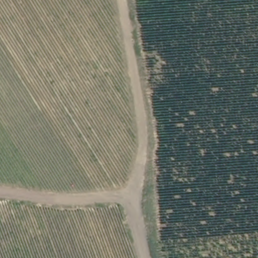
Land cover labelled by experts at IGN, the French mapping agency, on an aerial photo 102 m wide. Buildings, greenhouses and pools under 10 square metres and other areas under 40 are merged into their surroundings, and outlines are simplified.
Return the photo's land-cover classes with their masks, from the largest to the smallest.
<instances>
[{"label":"vineyard","instance_id":"1","mask_svg":"<svg viewBox=\"0 0 258 258\"><path fill-rule=\"evenodd\" d=\"M121 22L117 0H0V185L22 189L34 188L52 193L66 191L68 195H79L80 192L93 191L96 188L105 193L104 191L114 183L118 185L128 180V175L134 170L139 146L138 127L124 38L119 29ZM142 43L150 74L148 83L152 90L153 115L157 121L158 204L160 223L166 226L160 230L163 244L161 251H168L169 254L164 258H258V0H136ZM124 208L119 203L40 205L29 201L0 198V258H138L131 230L125 219Z\"/></svg>","mask_w":258,"mask_h":258},{"label":"pervious surface","instance_id":"2","mask_svg":"<svg viewBox=\"0 0 258 258\"><path fill-rule=\"evenodd\" d=\"M121 22L119 29L124 38L138 127L139 146L134 170L128 175V180L118 185L114 183L104 191L105 193L96 188L93 191L80 192L79 195H68L66 191L52 193L34 188L22 189L0 185V198L29 201L40 205L119 203L124 208L125 219L131 230L138 258H151L141 211L147 162V115L127 0H117Z\"/></svg>","mask_w":258,"mask_h":258},{"label":"herbaceous vegetation","instance_id":"3","mask_svg":"<svg viewBox=\"0 0 258 258\"><path fill-rule=\"evenodd\" d=\"M147 115V162L141 211L151 258H164L169 254L168 251H161L163 244L160 230L166 226L160 223L158 204L157 121L153 115L152 90L148 83L150 74L142 43L136 0H127Z\"/></svg>","mask_w":258,"mask_h":258}]
</instances>

━━━━━━━━━━━━━━━━━━━━━━━━━━━━━━

■ Task to complete
In the copy, include no pictures; everything else in the material should be written out exactly.

■ Solution for this task
Land cover labelled by experts at IGN, the French mapping agency, on an aerial photo 102 m wide. Buildings, greenhouses and pools under 10 square metres and other areas under 40 are merged into their surroundings, and outlines are simplified.
Return the photo's land-cover classes with their masks, from the largest to the smallest.
<instances>
[{"label":"vineyard","instance_id":"1","mask_svg":"<svg viewBox=\"0 0 258 258\"><path fill-rule=\"evenodd\" d=\"M121 22L117 0H0V185L22 189L34 188L52 193L66 191L68 195H79L80 192L93 191L96 188L105 193L104 191L114 183L118 185L128 180V175L134 170L139 146L138 127L124 38L119 29ZM142 43L150 74L148 83L152 90L153 115L157 121L158 204L160 223L166 226L160 230L163 244L161 251H168L169 254L164 258H258V0H136ZM124 208L119 203L40 205L29 201L0 198V258H138L131 230L125 219Z\"/></svg>","mask_w":258,"mask_h":258},{"label":"pervious surface","instance_id":"2","mask_svg":"<svg viewBox=\"0 0 258 258\"><path fill-rule=\"evenodd\" d=\"M121 22L119 29L124 38L138 127L139 146L134 170L128 175V180L118 185L114 183L104 191L105 193L96 188L93 191L80 192L79 195H68L66 191L52 193L34 188L22 189L0 185V198L29 201L40 205L119 203L124 208L125 219L131 230L138 258H151L141 211L147 162V115L127 0H117Z\"/></svg>","mask_w":258,"mask_h":258},{"label":"herbaceous vegetation","instance_id":"3","mask_svg":"<svg viewBox=\"0 0 258 258\"><path fill-rule=\"evenodd\" d=\"M147 115V162L141 211L151 258H164L169 254L168 251H161L163 244L160 230L166 226L160 223L158 204L157 121L153 115L152 90L148 83L150 74L142 43L136 0H127Z\"/></svg>","mask_w":258,"mask_h":258}]
</instances>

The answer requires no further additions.